Problem to work on: Write out the entries exactly, leaving out every picture.

[Saved data entries]
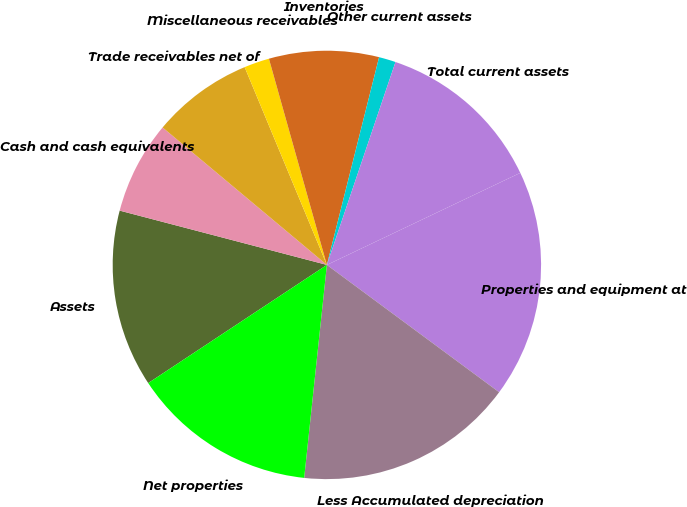Convert chart. <chart><loc_0><loc_0><loc_500><loc_500><pie_chart><fcel>Assets<fcel>Cash and cash equivalents<fcel>Trade receivables net of<fcel>Miscellaneous receivables<fcel>Inventories<fcel>Other current assets<fcel>Total current assets<fcel>Properties and equipment at<fcel>Less Accumulated depreciation<fcel>Net properties<nl><fcel>13.38%<fcel>7.01%<fcel>7.64%<fcel>1.91%<fcel>8.28%<fcel>1.27%<fcel>12.74%<fcel>17.2%<fcel>16.56%<fcel>14.01%<nl></chart> 
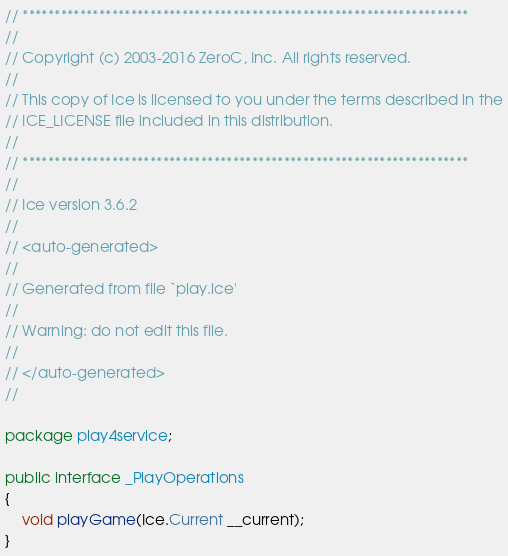Convert code to text. <code><loc_0><loc_0><loc_500><loc_500><_Java_>// **********************************************************************
//
// Copyright (c) 2003-2016 ZeroC, Inc. All rights reserved.
//
// This copy of Ice is licensed to you under the terms described in the
// ICE_LICENSE file included in this distribution.
//
// **********************************************************************
//
// Ice version 3.6.2
//
// <auto-generated>
//
// Generated from file `play.ice'
//
// Warning: do not edit this file.
//
// </auto-generated>
//

package play4service;

public interface _PlayOperations
{
    void playGame(Ice.Current __current);
}
</code>

Task answer:
Convert chart. <chart><loc_0><loc_0><loc_500><loc_500><pie_chart><fcel>Assets<fcel>Cash and cash equivalents<fcel>Trade receivables net of<fcel>Miscellaneous receivables<fcel>Inventories<fcel>Other current assets<fcel>Total current assets<fcel>Properties and equipment at<fcel>Less Accumulated depreciation<fcel>Net properties<nl><fcel>13.38%<fcel>7.01%<fcel>7.64%<fcel>1.91%<fcel>8.28%<fcel>1.27%<fcel>12.74%<fcel>17.2%<fcel>16.56%<fcel>14.01%<nl></chart> 
Convert code to text. <code><loc_0><loc_0><loc_500><loc_500><_Java_>// **********************************************************************
//
// Copyright (c) 2003-2016 ZeroC, Inc. All rights reserved.
//
// This copy of Ice is licensed to you under the terms described in the
// ICE_LICENSE file included in this distribution.
//
// **********************************************************************
//
// Ice version 3.6.2
//
// <auto-generated>
//
// Generated from file `play.ice'
//
// Warning: do not edit this file.
//
// </auto-generated>
//

package play4service;

public interface _PlayOperations
{
    void playGame(Ice.Current __current);
}
</code>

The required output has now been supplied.